**PROBLEM:** Only the lines of the data below from the one with "- parking meter <box>983,490,991,509</box>" through the one with "- person <box>1242,491,1244,494</box>" are wanted. Repeat them exactly.

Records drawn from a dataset
--- --- ---

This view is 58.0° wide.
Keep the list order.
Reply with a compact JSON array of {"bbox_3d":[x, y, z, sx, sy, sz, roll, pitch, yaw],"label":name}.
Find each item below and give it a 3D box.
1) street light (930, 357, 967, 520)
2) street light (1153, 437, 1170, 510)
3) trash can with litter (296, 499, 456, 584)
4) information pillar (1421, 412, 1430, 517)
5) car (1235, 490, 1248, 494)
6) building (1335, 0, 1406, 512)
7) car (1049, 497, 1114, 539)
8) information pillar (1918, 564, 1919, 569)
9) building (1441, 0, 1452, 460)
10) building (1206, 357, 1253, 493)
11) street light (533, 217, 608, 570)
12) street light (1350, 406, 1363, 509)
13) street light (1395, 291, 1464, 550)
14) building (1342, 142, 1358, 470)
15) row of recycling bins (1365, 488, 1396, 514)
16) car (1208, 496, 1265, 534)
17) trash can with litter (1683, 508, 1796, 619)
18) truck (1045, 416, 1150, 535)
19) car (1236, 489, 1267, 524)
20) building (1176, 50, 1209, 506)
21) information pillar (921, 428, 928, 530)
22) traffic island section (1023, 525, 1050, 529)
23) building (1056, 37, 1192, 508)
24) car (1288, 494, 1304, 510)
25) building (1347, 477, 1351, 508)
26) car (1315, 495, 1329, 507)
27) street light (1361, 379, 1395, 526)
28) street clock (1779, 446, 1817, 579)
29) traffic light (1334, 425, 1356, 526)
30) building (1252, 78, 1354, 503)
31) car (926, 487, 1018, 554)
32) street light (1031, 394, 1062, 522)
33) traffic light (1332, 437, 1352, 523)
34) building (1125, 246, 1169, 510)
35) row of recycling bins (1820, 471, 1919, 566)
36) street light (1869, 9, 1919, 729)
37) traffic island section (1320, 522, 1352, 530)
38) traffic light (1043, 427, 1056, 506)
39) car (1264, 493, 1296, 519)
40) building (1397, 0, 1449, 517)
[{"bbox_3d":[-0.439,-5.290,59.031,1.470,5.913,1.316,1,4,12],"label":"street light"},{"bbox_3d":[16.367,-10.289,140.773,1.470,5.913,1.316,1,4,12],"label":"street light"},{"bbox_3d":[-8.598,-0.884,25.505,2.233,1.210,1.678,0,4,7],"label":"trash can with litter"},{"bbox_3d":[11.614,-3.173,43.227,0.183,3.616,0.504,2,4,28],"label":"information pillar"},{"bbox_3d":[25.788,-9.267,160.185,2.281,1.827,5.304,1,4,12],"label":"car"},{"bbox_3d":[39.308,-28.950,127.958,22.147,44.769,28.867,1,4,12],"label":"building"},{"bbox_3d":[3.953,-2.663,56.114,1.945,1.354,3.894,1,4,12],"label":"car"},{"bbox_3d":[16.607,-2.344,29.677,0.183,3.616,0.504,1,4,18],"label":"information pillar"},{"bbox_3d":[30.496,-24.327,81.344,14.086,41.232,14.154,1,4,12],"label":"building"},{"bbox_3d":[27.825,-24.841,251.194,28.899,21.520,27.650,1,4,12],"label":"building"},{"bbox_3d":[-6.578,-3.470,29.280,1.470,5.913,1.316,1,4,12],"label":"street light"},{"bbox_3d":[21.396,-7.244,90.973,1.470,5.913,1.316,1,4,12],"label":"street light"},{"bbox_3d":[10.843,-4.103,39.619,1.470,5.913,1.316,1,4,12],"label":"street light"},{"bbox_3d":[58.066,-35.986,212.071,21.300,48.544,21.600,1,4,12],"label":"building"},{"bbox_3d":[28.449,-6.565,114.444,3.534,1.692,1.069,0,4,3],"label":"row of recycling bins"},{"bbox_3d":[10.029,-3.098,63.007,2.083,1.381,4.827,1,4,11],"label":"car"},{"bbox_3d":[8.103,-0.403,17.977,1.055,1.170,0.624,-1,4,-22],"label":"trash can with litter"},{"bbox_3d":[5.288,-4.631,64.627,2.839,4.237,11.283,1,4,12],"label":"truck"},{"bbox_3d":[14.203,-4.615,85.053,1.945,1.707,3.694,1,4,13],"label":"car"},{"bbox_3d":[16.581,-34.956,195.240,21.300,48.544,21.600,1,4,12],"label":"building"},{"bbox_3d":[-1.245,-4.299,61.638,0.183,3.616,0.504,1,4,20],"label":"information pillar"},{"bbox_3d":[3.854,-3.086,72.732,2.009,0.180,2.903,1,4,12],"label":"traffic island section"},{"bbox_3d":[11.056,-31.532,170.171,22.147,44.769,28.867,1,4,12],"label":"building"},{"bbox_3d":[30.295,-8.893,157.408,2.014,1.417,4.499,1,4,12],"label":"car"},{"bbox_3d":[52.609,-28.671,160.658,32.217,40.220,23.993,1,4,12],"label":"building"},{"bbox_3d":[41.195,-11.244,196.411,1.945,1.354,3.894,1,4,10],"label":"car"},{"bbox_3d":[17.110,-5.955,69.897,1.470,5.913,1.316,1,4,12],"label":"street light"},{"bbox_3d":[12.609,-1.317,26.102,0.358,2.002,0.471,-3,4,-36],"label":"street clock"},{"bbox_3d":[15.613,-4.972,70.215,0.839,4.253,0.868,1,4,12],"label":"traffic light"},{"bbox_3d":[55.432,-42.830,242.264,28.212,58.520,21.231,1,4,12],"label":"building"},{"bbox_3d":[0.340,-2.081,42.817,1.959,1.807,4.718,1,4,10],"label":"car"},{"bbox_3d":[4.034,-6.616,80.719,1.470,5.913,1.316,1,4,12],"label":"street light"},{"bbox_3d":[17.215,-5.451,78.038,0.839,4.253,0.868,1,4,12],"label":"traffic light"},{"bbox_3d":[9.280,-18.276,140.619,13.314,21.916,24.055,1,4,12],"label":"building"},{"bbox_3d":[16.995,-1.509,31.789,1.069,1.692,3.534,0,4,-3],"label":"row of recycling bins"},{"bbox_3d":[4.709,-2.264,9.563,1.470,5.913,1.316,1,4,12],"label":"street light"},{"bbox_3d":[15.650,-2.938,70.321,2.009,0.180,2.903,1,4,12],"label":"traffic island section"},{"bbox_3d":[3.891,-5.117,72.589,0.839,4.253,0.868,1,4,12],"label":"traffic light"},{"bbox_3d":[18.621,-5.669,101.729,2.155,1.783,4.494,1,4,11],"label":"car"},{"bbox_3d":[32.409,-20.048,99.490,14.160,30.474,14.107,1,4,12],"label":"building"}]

--- --- ---

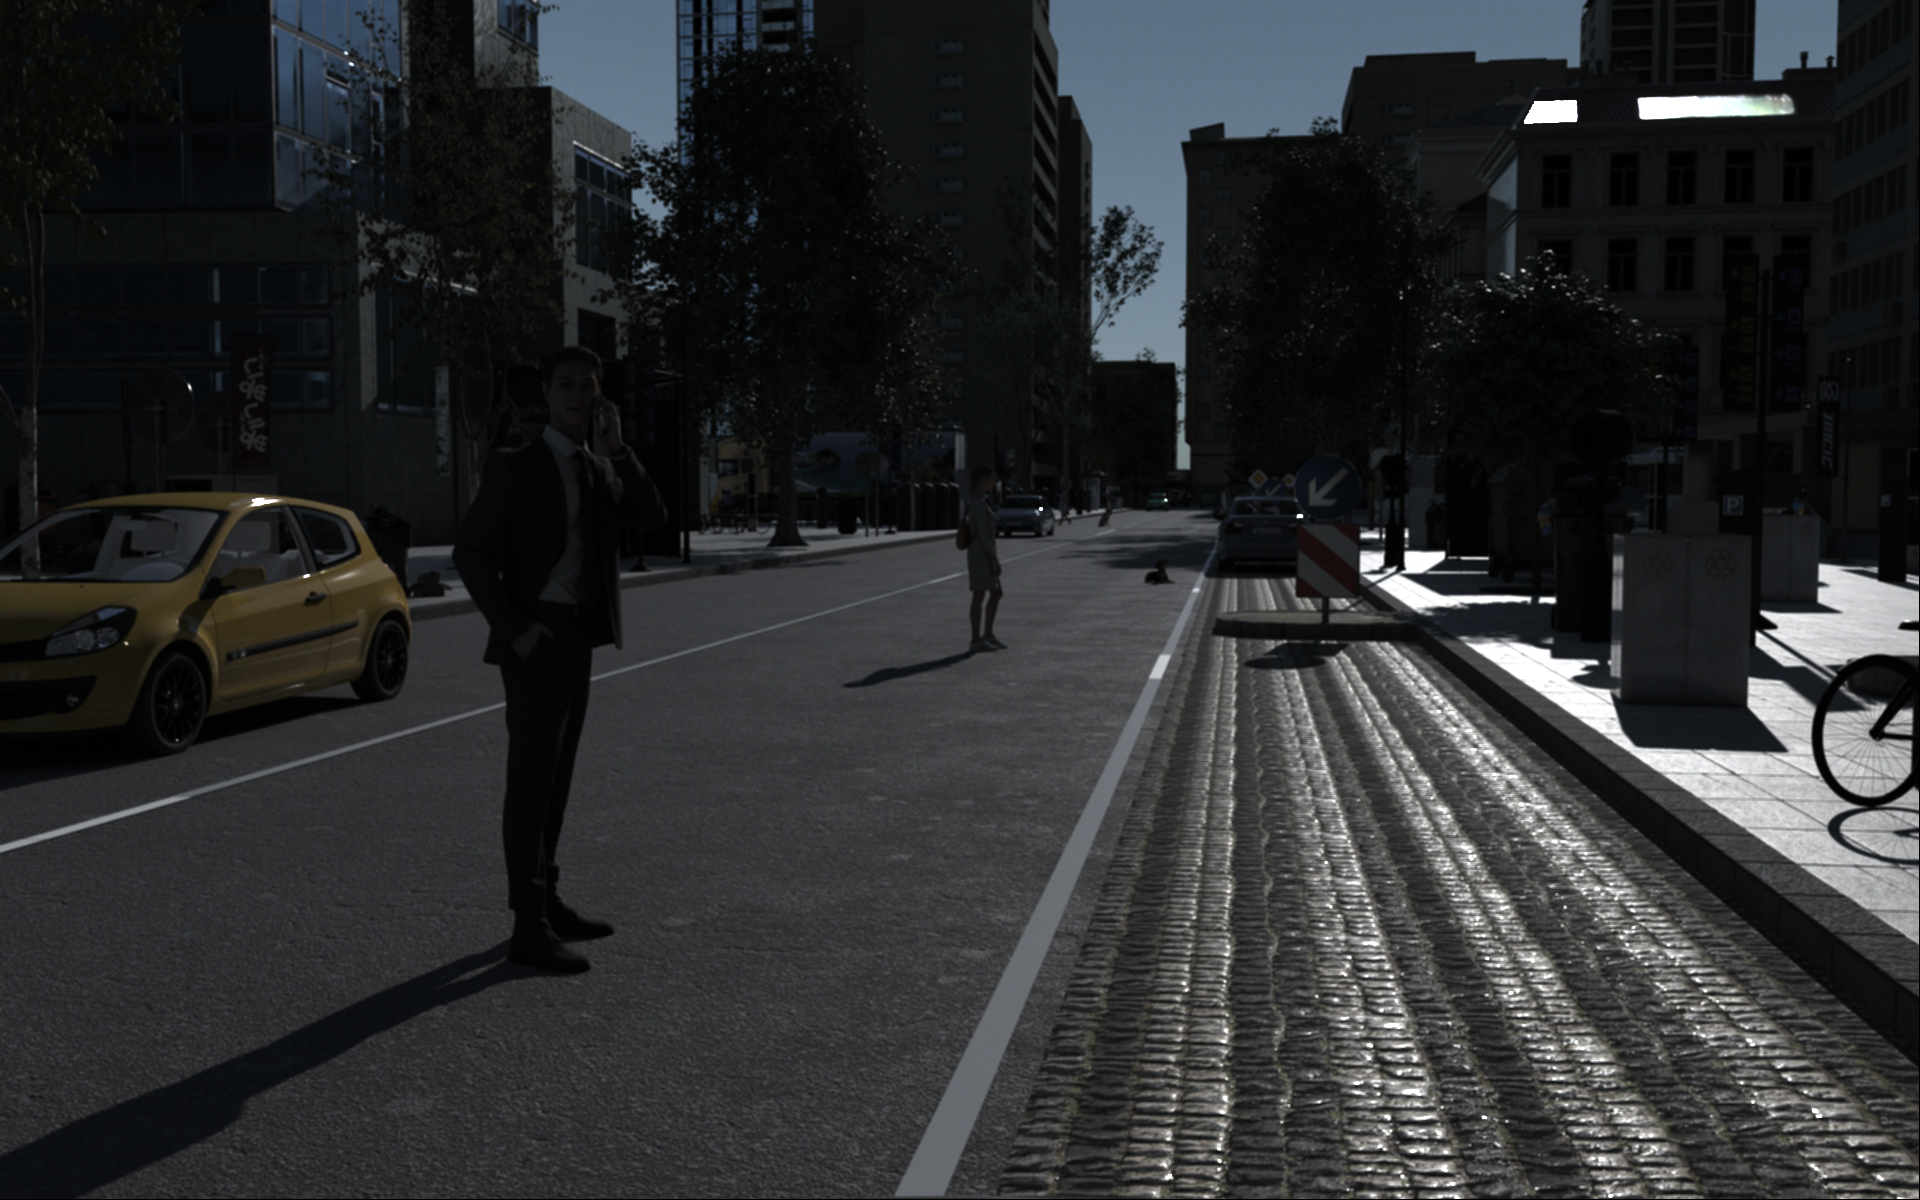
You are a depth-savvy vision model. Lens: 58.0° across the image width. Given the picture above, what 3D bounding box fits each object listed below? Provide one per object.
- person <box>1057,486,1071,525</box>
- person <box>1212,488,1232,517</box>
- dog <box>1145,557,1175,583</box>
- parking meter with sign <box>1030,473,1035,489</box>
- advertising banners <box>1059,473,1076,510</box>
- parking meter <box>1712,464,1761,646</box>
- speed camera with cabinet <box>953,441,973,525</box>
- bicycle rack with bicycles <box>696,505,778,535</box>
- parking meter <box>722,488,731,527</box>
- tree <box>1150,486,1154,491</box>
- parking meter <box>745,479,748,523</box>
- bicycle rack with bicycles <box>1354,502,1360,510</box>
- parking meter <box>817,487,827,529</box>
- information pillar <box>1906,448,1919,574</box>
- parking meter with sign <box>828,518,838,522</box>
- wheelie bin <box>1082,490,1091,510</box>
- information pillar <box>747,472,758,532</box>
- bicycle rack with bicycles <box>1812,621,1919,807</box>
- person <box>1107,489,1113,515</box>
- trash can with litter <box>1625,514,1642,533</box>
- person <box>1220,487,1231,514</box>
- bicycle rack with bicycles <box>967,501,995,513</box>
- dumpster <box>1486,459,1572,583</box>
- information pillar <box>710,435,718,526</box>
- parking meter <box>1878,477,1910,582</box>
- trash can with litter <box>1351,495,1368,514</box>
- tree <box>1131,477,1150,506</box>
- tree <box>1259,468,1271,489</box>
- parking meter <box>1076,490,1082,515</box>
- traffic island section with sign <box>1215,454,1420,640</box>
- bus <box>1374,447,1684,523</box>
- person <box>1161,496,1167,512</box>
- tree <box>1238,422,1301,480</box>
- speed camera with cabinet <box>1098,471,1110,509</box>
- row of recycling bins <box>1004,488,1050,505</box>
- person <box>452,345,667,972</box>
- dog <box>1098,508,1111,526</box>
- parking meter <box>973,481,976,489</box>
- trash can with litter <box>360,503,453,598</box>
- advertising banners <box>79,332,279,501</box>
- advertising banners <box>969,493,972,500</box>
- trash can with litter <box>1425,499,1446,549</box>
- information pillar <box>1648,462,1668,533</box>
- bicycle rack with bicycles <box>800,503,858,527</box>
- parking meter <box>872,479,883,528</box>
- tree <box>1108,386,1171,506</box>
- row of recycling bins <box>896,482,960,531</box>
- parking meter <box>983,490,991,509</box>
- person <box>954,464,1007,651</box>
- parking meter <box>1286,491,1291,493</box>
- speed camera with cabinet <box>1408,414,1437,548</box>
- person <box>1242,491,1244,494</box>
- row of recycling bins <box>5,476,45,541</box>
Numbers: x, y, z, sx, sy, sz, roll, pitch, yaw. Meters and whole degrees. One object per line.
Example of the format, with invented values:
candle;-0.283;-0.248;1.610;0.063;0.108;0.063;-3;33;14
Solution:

--- --- ---

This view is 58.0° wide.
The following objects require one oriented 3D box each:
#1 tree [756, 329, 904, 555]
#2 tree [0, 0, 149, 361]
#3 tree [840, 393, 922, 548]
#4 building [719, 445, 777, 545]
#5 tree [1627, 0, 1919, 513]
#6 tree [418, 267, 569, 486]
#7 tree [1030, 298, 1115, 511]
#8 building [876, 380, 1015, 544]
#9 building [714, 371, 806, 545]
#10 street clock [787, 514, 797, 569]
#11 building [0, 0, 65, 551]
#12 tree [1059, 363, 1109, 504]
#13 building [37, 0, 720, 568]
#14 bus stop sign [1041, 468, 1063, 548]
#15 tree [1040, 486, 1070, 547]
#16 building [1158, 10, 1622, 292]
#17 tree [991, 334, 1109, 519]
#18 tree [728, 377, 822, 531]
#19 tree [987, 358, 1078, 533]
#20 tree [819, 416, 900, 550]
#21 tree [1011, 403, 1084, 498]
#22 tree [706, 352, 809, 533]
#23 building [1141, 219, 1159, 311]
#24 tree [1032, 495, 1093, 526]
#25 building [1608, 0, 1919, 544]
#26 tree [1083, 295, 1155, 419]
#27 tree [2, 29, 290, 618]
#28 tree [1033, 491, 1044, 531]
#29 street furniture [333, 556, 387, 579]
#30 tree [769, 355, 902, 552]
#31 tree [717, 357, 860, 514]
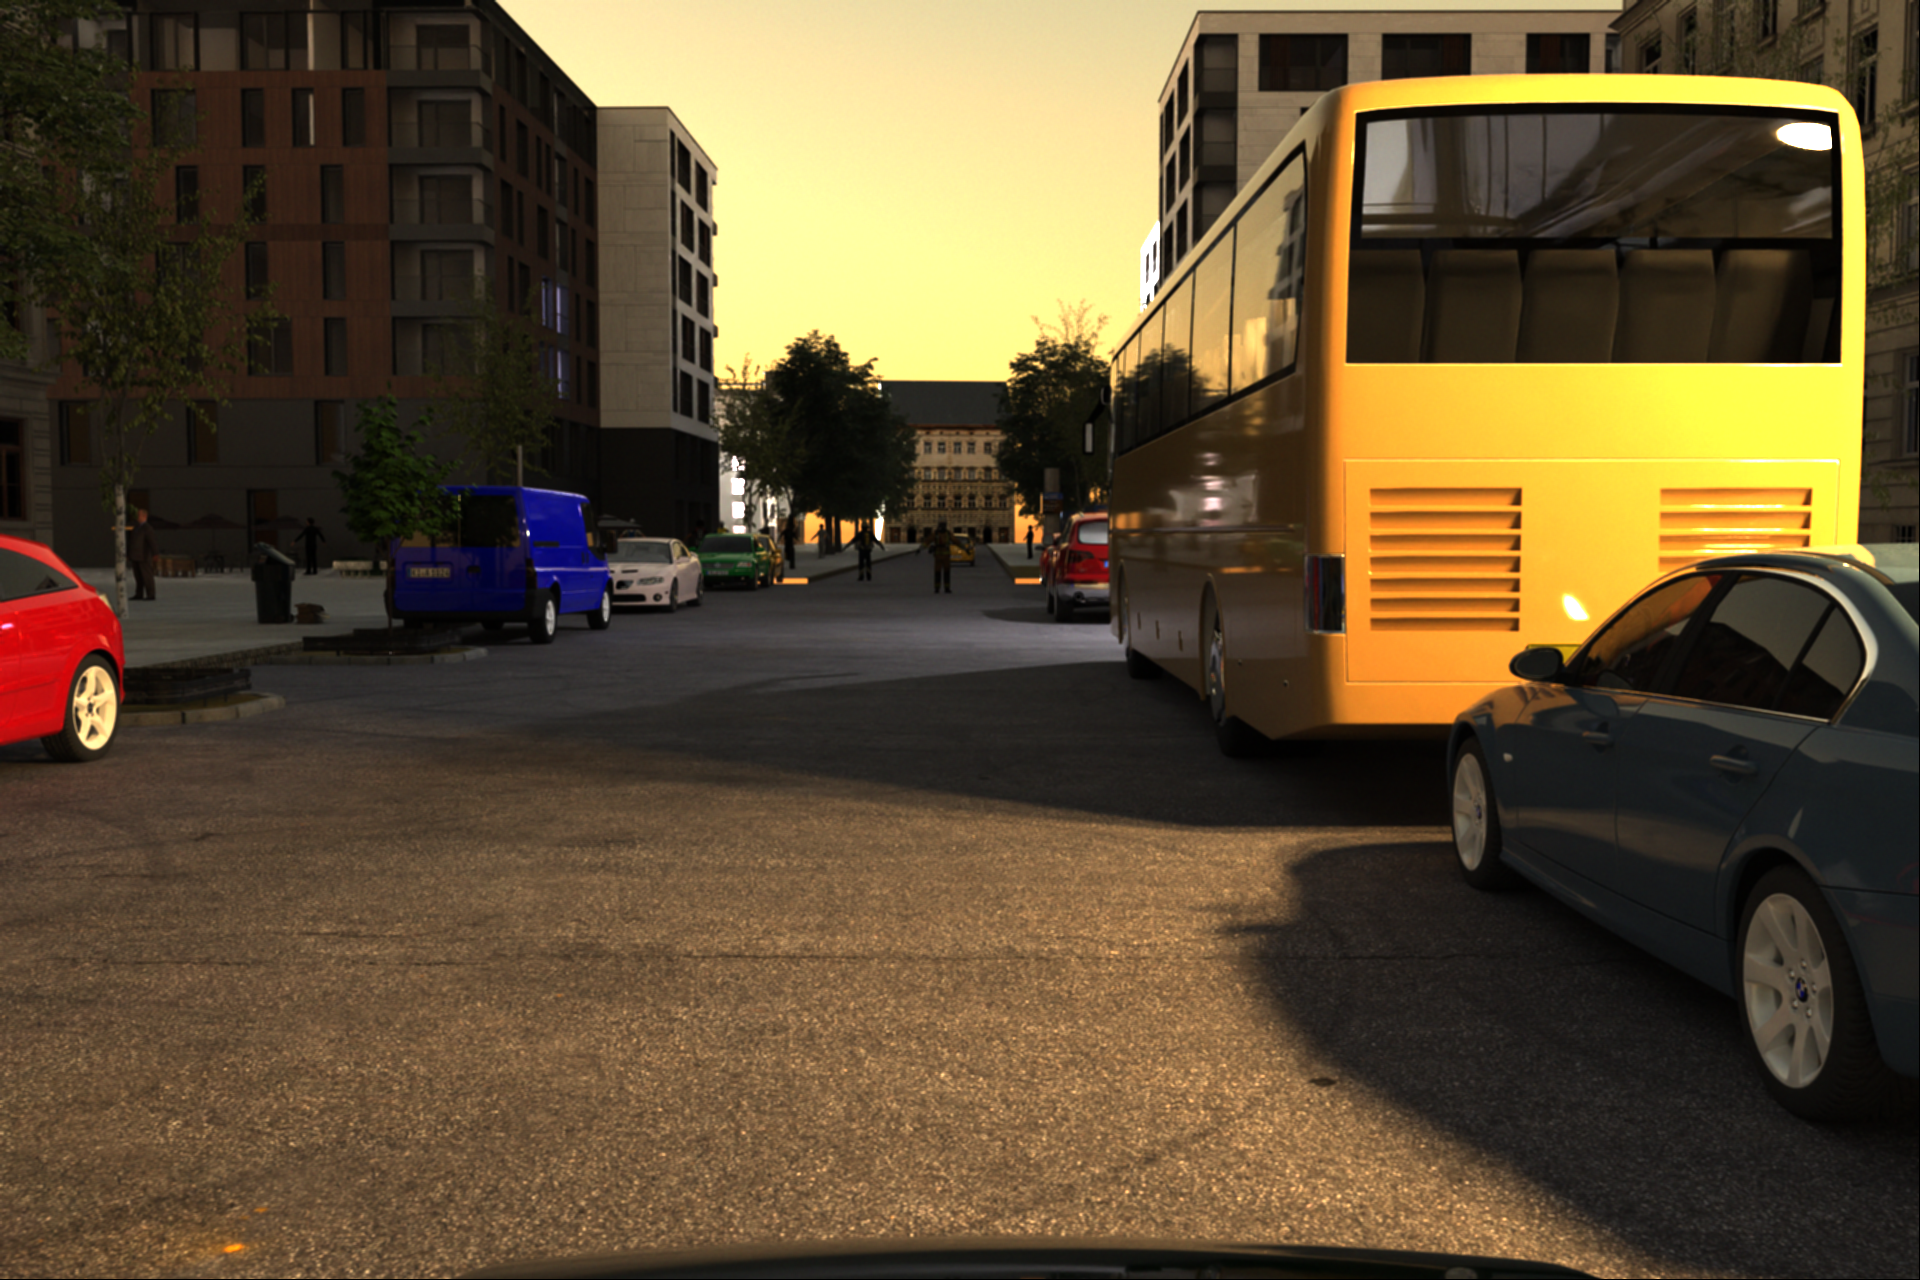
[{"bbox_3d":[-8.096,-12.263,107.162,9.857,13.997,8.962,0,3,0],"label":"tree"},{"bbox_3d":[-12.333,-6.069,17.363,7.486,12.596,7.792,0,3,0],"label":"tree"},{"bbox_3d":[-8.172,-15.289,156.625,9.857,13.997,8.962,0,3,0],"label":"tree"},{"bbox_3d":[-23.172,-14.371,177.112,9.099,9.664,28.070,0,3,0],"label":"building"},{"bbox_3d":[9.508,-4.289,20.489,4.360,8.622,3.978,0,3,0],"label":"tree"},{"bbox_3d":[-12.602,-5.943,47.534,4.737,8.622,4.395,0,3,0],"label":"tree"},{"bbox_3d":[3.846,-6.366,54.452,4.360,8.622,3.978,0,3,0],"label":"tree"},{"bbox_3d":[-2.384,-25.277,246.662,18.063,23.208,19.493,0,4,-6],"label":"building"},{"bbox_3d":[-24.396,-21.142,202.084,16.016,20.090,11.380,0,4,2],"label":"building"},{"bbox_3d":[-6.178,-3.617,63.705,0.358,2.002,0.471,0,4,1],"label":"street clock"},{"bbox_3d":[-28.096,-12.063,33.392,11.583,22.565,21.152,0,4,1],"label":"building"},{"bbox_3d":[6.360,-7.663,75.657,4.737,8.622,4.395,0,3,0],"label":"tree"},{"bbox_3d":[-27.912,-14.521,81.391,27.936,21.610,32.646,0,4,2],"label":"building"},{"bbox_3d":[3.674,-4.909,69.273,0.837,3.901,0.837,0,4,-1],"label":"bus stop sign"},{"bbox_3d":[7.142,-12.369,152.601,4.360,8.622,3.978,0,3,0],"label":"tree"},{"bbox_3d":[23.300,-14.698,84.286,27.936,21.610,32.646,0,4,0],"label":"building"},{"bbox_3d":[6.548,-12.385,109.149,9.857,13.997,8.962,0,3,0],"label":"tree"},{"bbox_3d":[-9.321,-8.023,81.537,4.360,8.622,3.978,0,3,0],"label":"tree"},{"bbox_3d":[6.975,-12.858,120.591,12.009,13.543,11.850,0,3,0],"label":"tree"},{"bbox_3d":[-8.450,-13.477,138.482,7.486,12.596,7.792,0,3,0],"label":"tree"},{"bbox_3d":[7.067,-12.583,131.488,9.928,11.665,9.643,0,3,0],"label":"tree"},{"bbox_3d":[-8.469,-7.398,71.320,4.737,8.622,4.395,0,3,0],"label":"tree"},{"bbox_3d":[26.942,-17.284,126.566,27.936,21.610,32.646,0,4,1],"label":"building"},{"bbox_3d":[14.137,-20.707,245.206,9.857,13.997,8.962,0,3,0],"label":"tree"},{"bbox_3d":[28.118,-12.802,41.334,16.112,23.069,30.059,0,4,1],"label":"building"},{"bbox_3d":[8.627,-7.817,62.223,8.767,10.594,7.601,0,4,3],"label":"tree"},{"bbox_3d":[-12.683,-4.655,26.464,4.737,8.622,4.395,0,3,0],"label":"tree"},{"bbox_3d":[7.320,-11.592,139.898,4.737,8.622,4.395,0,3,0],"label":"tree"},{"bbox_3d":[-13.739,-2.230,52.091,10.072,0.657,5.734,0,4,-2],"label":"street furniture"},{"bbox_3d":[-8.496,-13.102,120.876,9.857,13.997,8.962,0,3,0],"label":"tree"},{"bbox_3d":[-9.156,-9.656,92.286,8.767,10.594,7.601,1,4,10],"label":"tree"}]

--- --- ---

**RESPONSE TO THIS TASK:**
- parking meter <box>983,490,991,509</box>
- person <box>954,464,1007,651</box>
- parking meter <box>1286,491,1291,493</box>
- speed camera with cabinet <box>1408,414,1437,548</box>
- person <box>1242,491,1244,494</box>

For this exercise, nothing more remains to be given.